Your mom’s recipe sounds really, really interesting! Do you know where she got it from? Is it a family recipe?
Ha, Tom loves that shirt. I got it for him for his b-day and it came with a matching mug. He takes that mug to every meeting at work and always gets comments on it. 🙂
Yeah, I knew that Tom had worked for Buchwald. I had Buchwald and Greg Fu for organic chemistry my freshman year.
Make some plum wine!
Plums are an interesting fruit. So much depends on the variety. My favorite is santa rosa, with a dark red, almost mushy pulp. Makes a good jam, too. You do have to wait for plums to be really ripe for them to be sweet. This recipe sounds delicious.
This looks incredibly yummy–it’s such a shame I’m the only one in my family to like plums!
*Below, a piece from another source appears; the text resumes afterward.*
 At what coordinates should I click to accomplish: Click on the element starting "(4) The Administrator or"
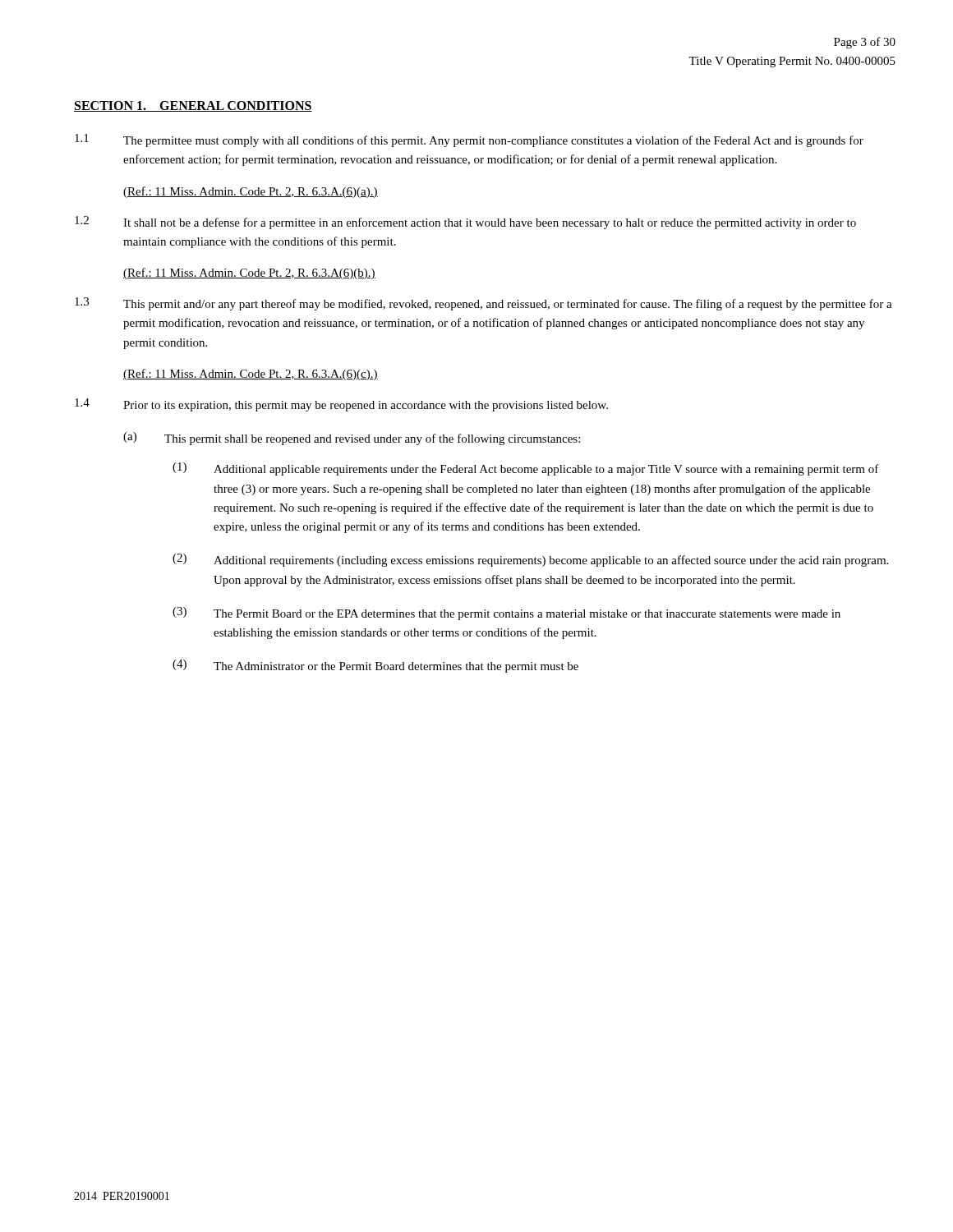pyautogui.click(x=534, y=667)
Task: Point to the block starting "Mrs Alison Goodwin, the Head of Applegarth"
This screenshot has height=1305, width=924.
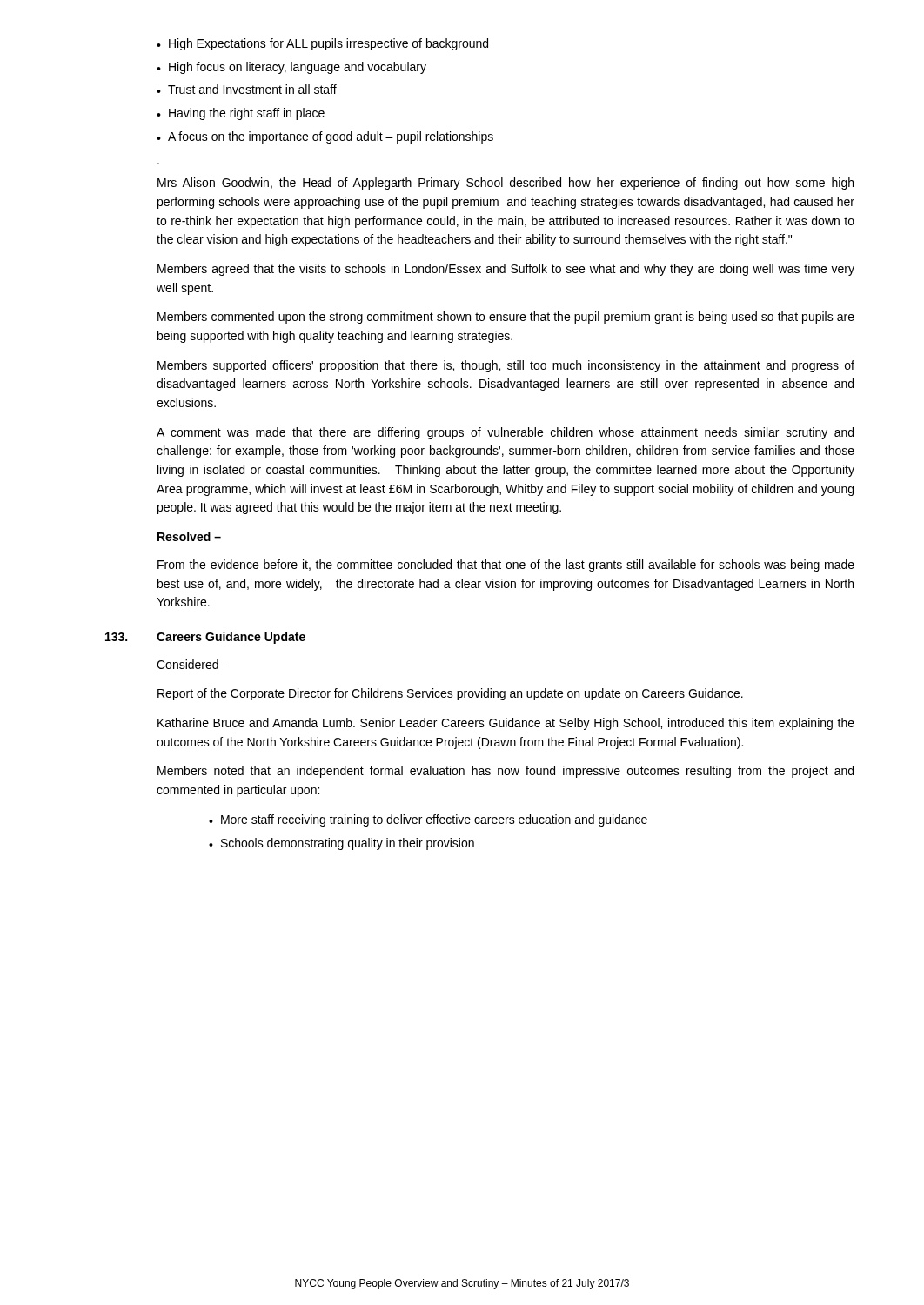Action: pyautogui.click(x=506, y=211)

Sure, on the surface that SOUNDS like more for me, but I wouldn’t be able to gobble it all up before it went stale. 🙁 Hmmm… I wonder where I can find some other plum afficionados…
As someone in the Netherlands I wonder why this cake is called Dutch. The cake recipe certainly doesn’t seem very Dutch, seeing as recipes here never call for shortening!
Hey Sarah –
I think the “Dutch” part of it is actually referring to the Pennsylvania Dutch, which is a cultural group in America that actually has nothing to do with the Netherlands. I think they were originally from Germany? Anyways, the Pennsylvania Dutch are known for their delicious recipes, especially baked goods like coffee cakes and pie.